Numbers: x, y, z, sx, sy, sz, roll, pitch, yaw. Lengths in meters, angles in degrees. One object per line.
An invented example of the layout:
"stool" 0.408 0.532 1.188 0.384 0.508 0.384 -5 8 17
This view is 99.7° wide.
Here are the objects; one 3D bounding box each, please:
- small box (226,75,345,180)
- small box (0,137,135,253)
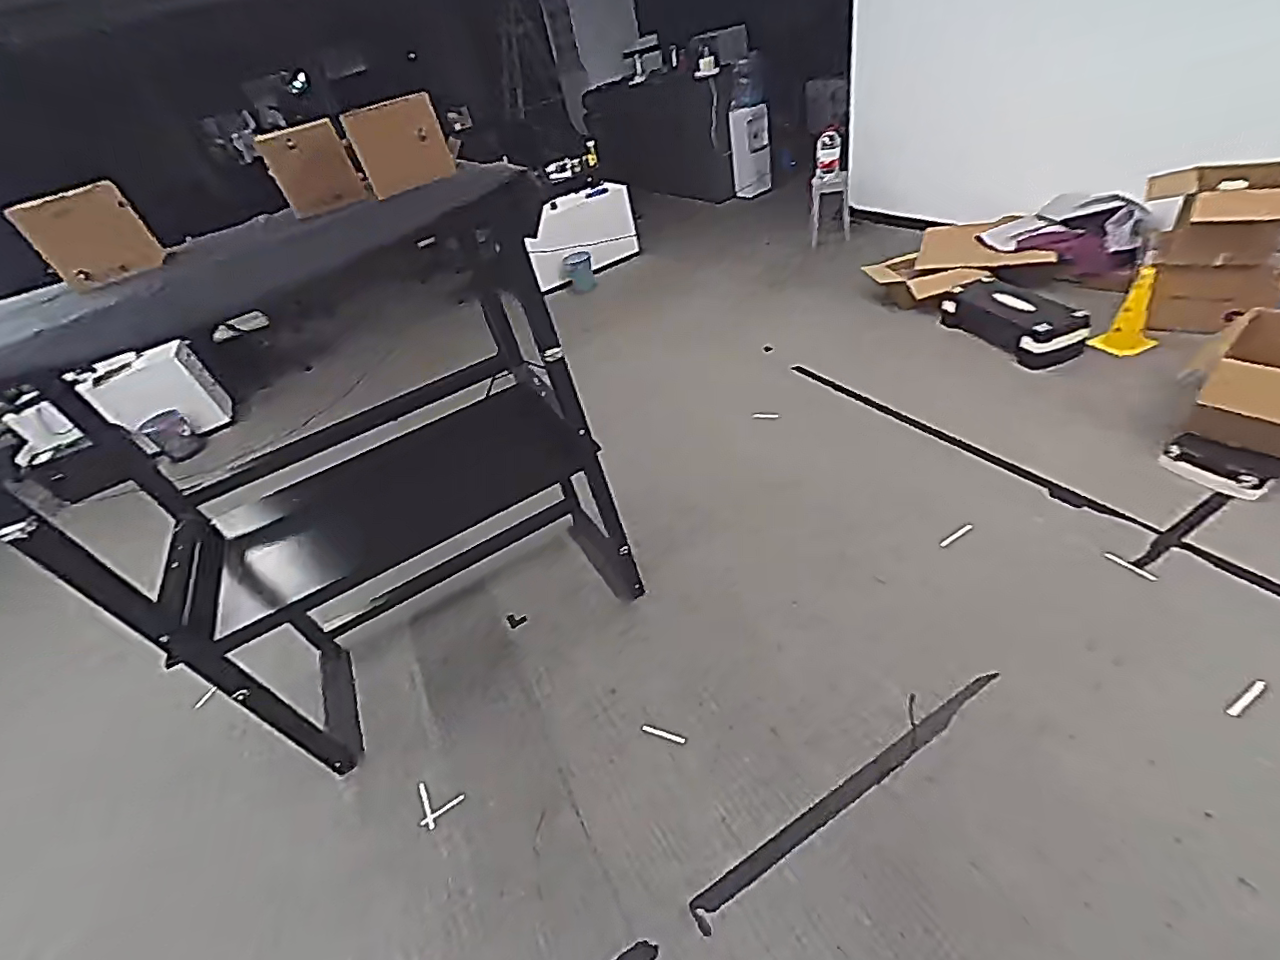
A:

• To do:
Search the records for lines holding the word "small", then copy each line you find.

• Result of this task:
- small box (226,75,345,180)
- small box (0,137,135,253)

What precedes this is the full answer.